## Working data
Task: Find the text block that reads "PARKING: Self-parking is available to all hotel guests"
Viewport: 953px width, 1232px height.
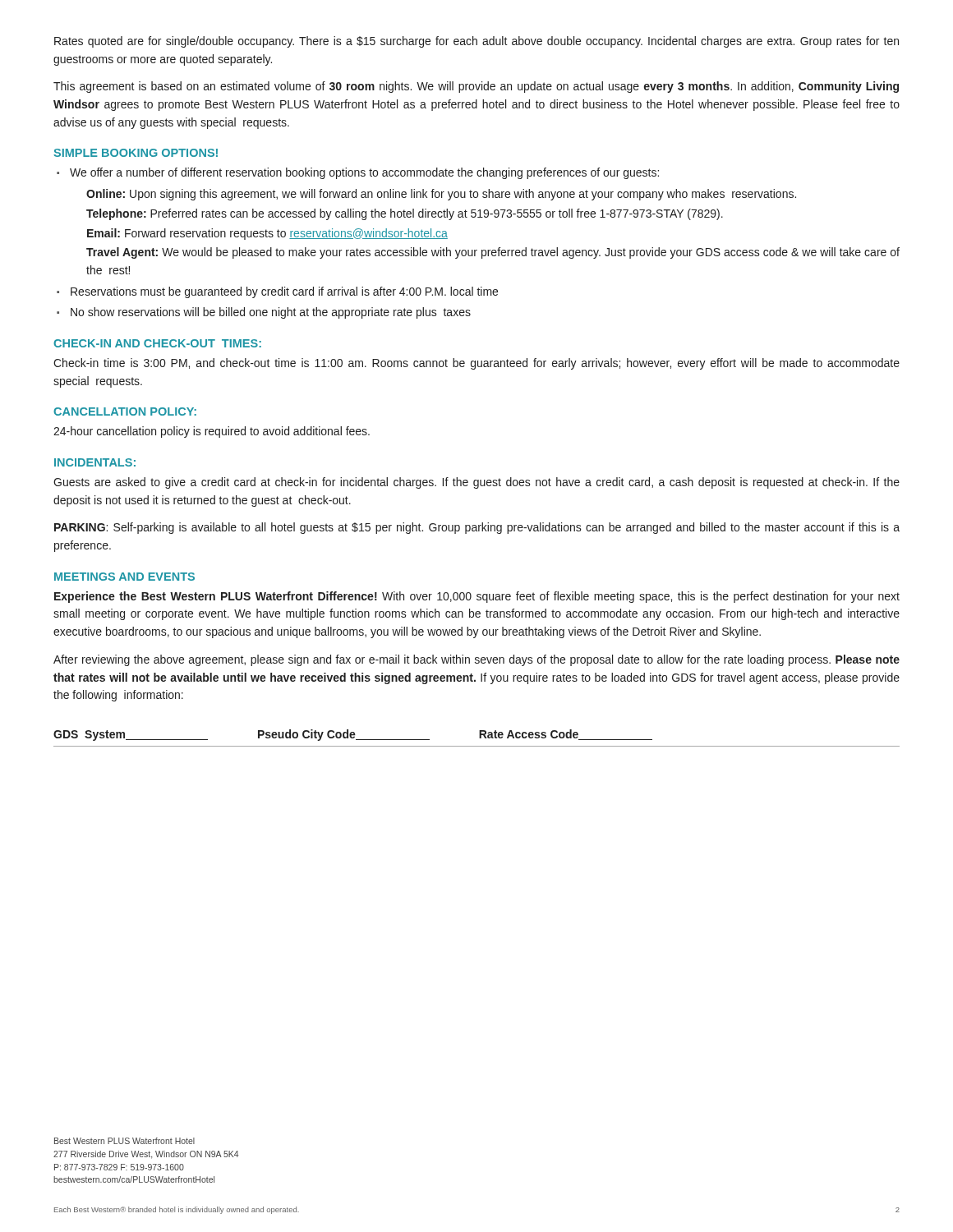Action: click(476, 537)
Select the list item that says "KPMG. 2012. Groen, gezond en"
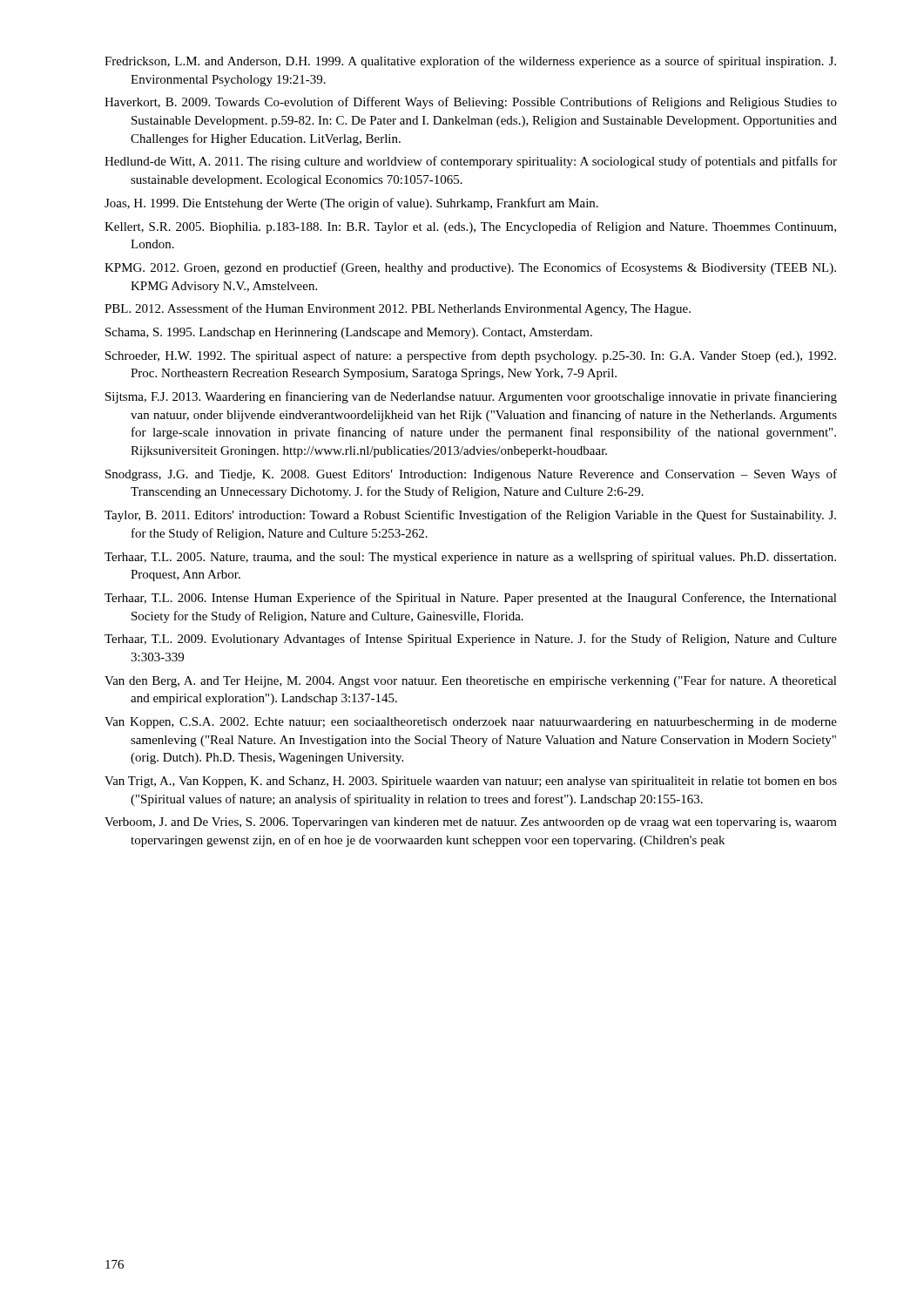The width and height of the screenshot is (924, 1307). pos(471,276)

## Work instruction
Restate each line of the material word for word, skipping any picture.

## Solution to the exercise
Task: Find the text block that reads "PARKING: Self-parking is available to all hotel guests"
Viewport: 953px width, 1232px height.
Action: click(476, 537)
Select the list item that says "KPMG. 2012. Groen, gezond en"
The width and height of the screenshot is (924, 1307). pos(471,276)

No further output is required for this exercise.